## WORK INSTRUCTIONS
Return the lines below that contain "less".
::::::
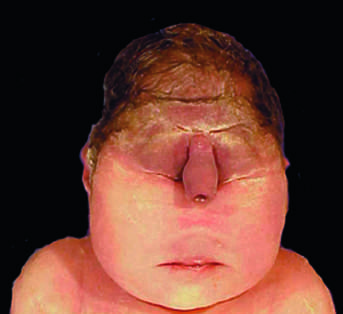what is stillbirth associated with, in which the midface structures are fused or ill-formed?
Answer the question using a single word or phrase. A lethal malformation 
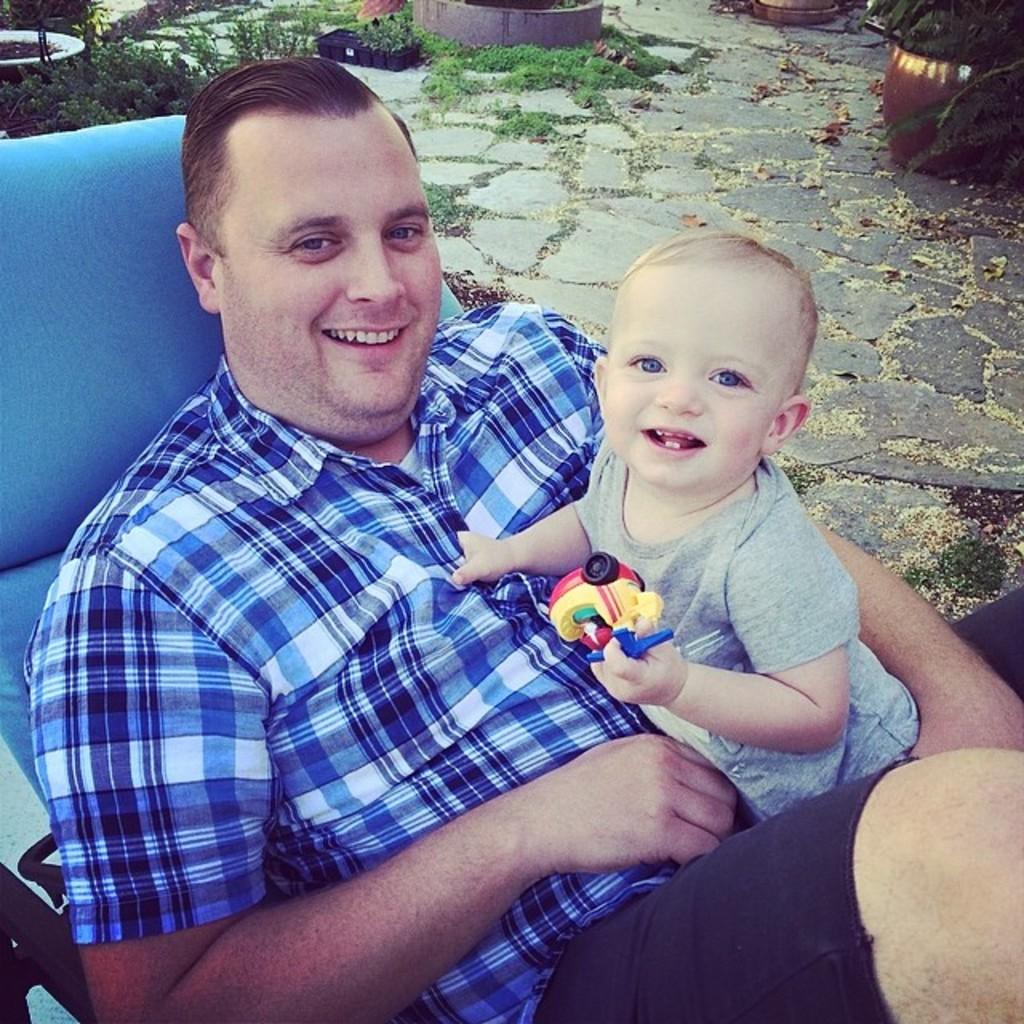What is the person in the image wearing? The person is wearing a blue shirt in the image. What is the person doing in the image? The person is sitting on a chair in the image. Who else is present in the image? There is a child in the image. What is the child holding? The child is holding a toy in the image. What can be seen in the background of the image? There is grass and a pot in the background of the image. How many oranges are visible in the image? There are no oranges present in the image. What type of drawer can be seen in the image? There is no drawer present in the image. 
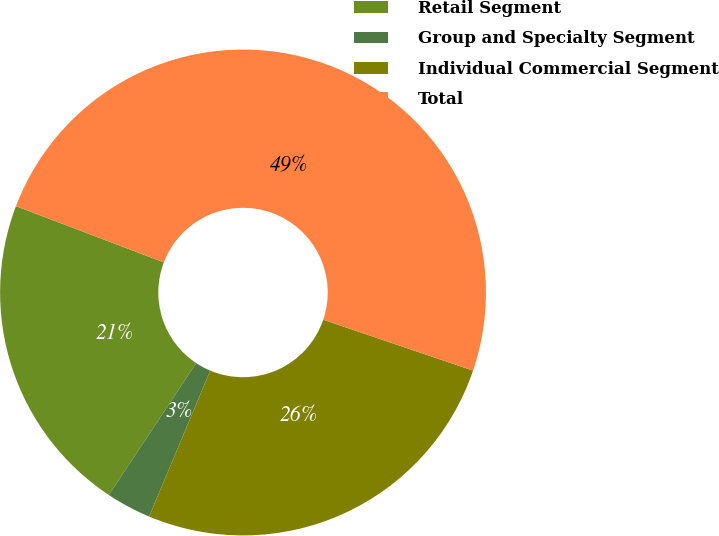Convert chart. <chart><loc_0><loc_0><loc_500><loc_500><pie_chart><fcel>Retail Segment<fcel>Group and Specialty Segment<fcel>Individual Commercial Segment<fcel>Total<nl><fcel>21.47%<fcel>3.0%<fcel>26.11%<fcel>49.43%<nl></chart> 
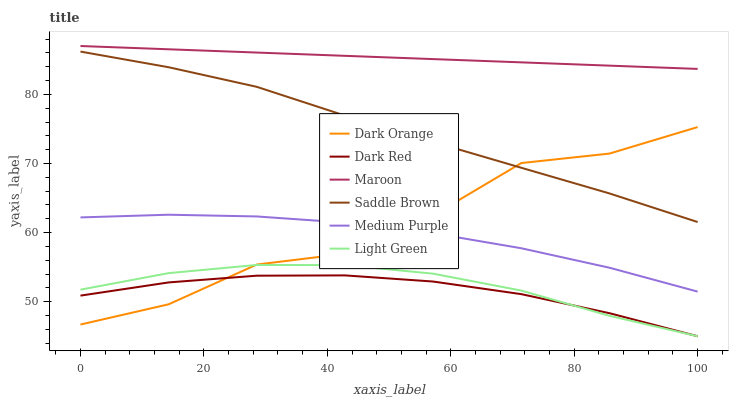Does Dark Red have the minimum area under the curve?
Answer yes or no. Yes. Does Maroon have the maximum area under the curve?
Answer yes or no. Yes. Does Maroon have the minimum area under the curve?
Answer yes or no. No. Does Dark Red have the maximum area under the curve?
Answer yes or no. No. Is Maroon the smoothest?
Answer yes or no. Yes. Is Dark Orange the roughest?
Answer yes or no. Yes. Is Dark Red the smoothest?
Answer yes or no. No. Is Dark Red the roughest?
Answer yes or no. No. Does Dark Red have the lowest value?
Answer yes or no. Yes. Does Maroon have the lowest value?
Answer yes or no. No. Does Maroon have the highest value?
Answer yes or no. Yes. Does Dark Red have the highest value?
Answer yes or no. No. Is Light Green less than Medium Purple?
Answer yes or no. Yes. Is Maroon greater than Medium Purple?
Answer yes or no. Yes. Does Light Green intersect Dark Red?
Answer yes or no. Yes. Is Light Green less than Dark Red?
Answer yes or no. No. Is Light Green greater than Dark Red?
Answer yes or no. No. Does Light Green intersect Medium Purple?
Answer yes or no. No. 
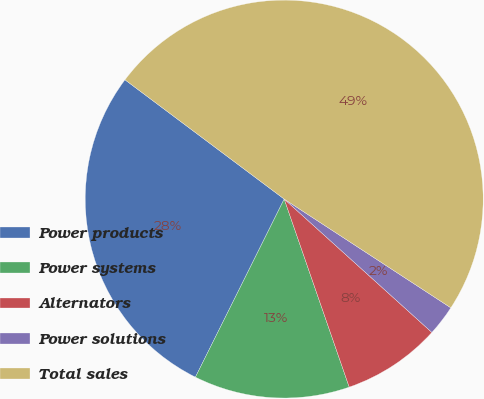Convert chart to OTSL. <chart><loc_0><loc_0><loc_500><loc_500><pie_chart><fcel>Power products<fcel>Power systems<fcel>Alternators<fcel>Power solutions<fcel>Total sales<nl><fcel>27.87%<fcel>12.66%<fcel>8.01%<fcel>2.49%<fcel>48.97%<nl></chart> 
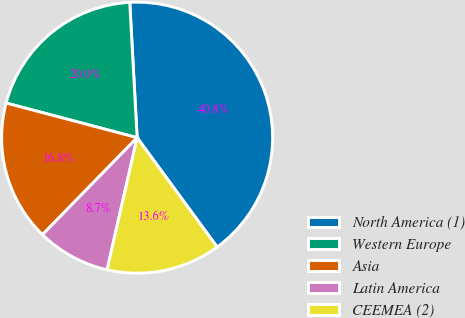<chart> <loc_0><loc_0><loc_500><loc_500><pie_chart><fcel>North America (1)<fcel>Western Europe<fcel>Asia<fcel>Latin America<fcel>CEEMEA (2)<nl><fcel>40.82%<fcel>20.02%<fcel>16.81%<fcel>8.75%<fcel>13.61%<nl></chart> 
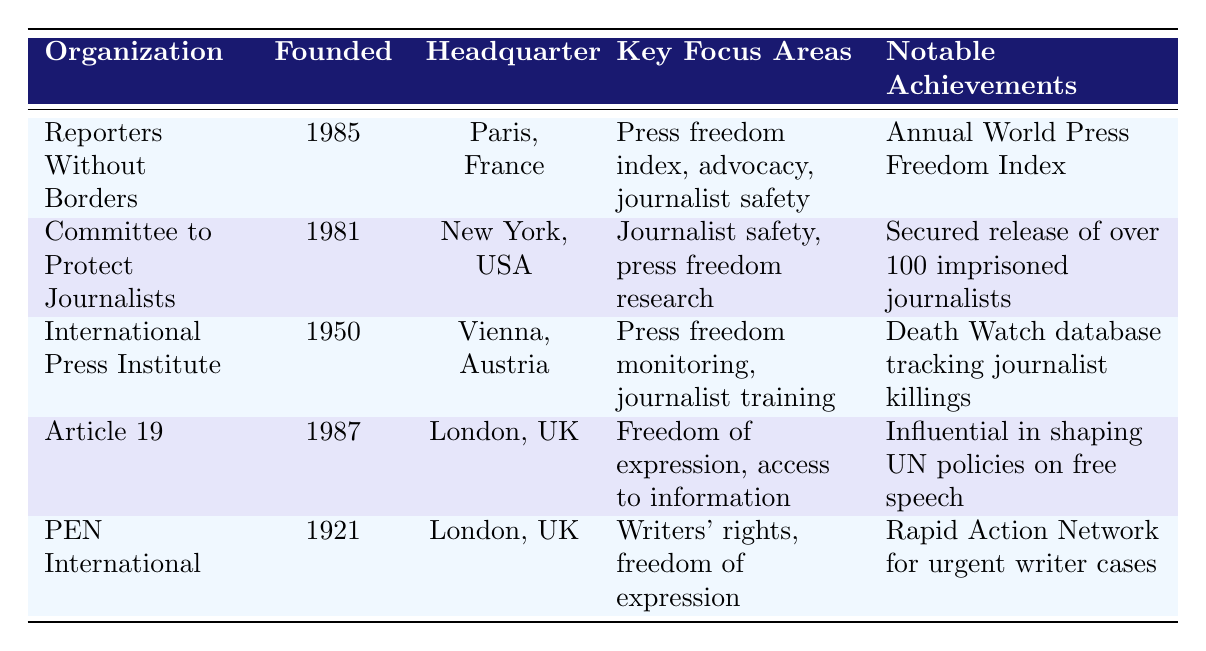What is the headquarters of Reporters Without Borders? The table lists the headquarters of each organization. For Reporters Without Borders, the headquarters is located in Paris, France.
Answer: Paris, France Which organization was founded first, Article 19 or PEN International? The founding years for Article 19 and PEN International are 1987 and 1921, respectively. Since 1921 is earlier than 1987, PEN International was founded first.
Answer: PEN International How many organizations listed focus on journalist safety? By checking the table, the organizations that focus on journalist safety are Reporters Without Borders and the Committee to Protect Journalists. There are 2 such organizations.
Answer: 2 Is the International Press Institute involved in monitoring press freedom? The table explicitly states that the International Press Institute's key focus areas include press freedom monitoring. Therefore, it is true that the organization is involved in this activity.
Answer: Yes Which organization has the notable achievement of influencing UN policies on free speech? Referring to the notable achievements column, Article 19 has shaped UN policies on free speech.
Answer: Article 19 What is the difference between the founding years of the Committee to Protect Journalists and Article 19? The Committee to Protect Journalists was founded in 1981 and Article 19 in 1987. The difference in their founding years is 1987 - 1981 = 6 years.
Answer: 6 years Which organization has its headquarters in the USA and is focused on press freedom research? The only organization listed that is headquartered in the USA and focuses on press freedom research is the Committee to Protect Journalists.
Answer: Committee to Protect Journalists Name an organization that tracks journalist killings. According to the table, the International Press Institute tracks journalist killings as part of its notable achievements.
Answer: International Press Institute Which two organizations are based in London? The table indicates that both Article 19 and PEN International are based in London, UK.
Answer: Article 19 and PEN International 
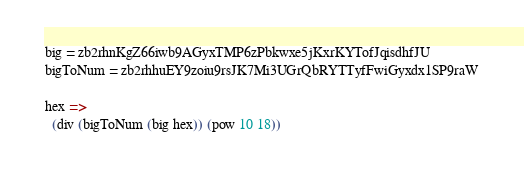Convert code to text. <code><loc_0><loc_0><loc_500><loc_500><_MoonScript_>big = zb2rhnKgZ66iwb9AGyxTMP6zPbkwxe5jKxrKYTofJqisdhfJU
bigToNum = zb2rhhuEY9zoiu9rsJK7Mi3UGrQbRYTTyfFwiGyxdx1SP9raW

hex =>
  (div (bigToNum (big hex)) (pow 10 18))
</code> 
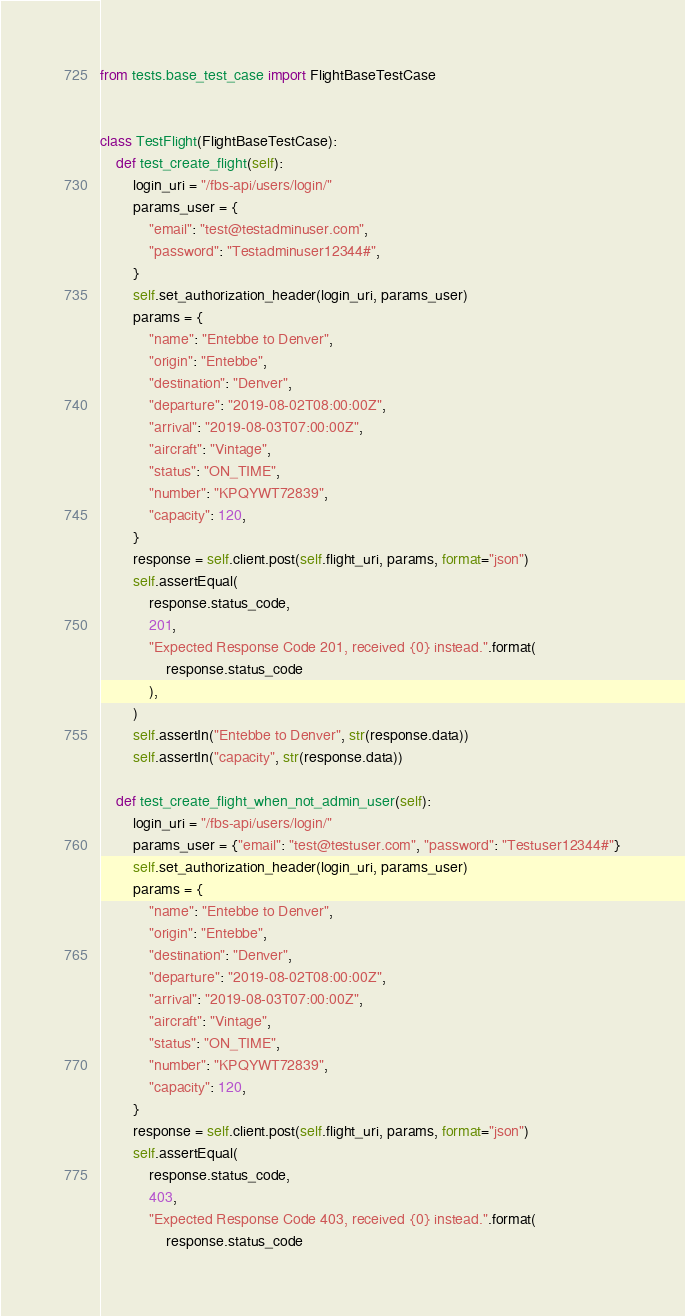<code> <loc_0><loc_0><loc_500><loc_500><_Python_>from tests.base_test_case import FlightBaseTestCase


class TestFlight(FlightBaseTestCase):
    def test_create_flight(self):
        login_uri = "/fbs-api/users/login/"
        params_user = {
            "email": "test@testadminuser.com",
            "password": "Testadminuser12344#",
        }
        self.set_authorization_header(login_uri, params_user)
        params = {
            "name": "Entebbe to Denver",
            "origin": "Entebbe",
            "destination": "Denver",
            "departure": "2019-08-02T08:00:00Z",
            "arrival": "2019-08-03T07:00:00Z",
            "aircraft": "Vintage",
            "status": "ON_TIME",
            "number": "KPQYWT72839",
            "capacity": 120,
        }
        response = self.client.post(self.flight_uri, params, format="json")
        self.assertEqual(
            response.status_code,
            201,
            "Expected Response Code 201, received {0} instead.".format(
                response.status_code
            ),
        )
        self.assertIn("Entebbe to Denver", str(response.data))
        self.assertIn("capacity", str(response.data))

    def test_create_flight_when_not_admin_user(self):
        login_uri = "/fbs-api/users/login/"
        params_user = {"email": "test@testuser.com", "password": "Testuser12344#"}
        self.set_authorization_header(login_uri, params_user)
        params = {
            "name": "Entebbe to Denver",
            "origin": "Entebbe",
            "destination": "Denver",
            "departure": "2019-08-02T08:00:00Z",
            "arrival": "2019-08-03T07:00:00Z",
            "aircraft": "Vintage",
            "status": "ON_TIME",
            "number": "KPQYWT72839",
            "capacity": 120,
        }
        response = self.client.post(self.flight_uri, params, format="json")
        self.assertEqual(
            response.status_code,
            403,
            "Expected Response Code 403, received {0} instead.".format(
                response.status_code</code>
::::::
## SOLUTION TO THIS PROBLEM
Answer yes or no. No. Is Light Green less than Medium Purple?
Answer yes or no. Yes. Is Light Green less than Dark Red?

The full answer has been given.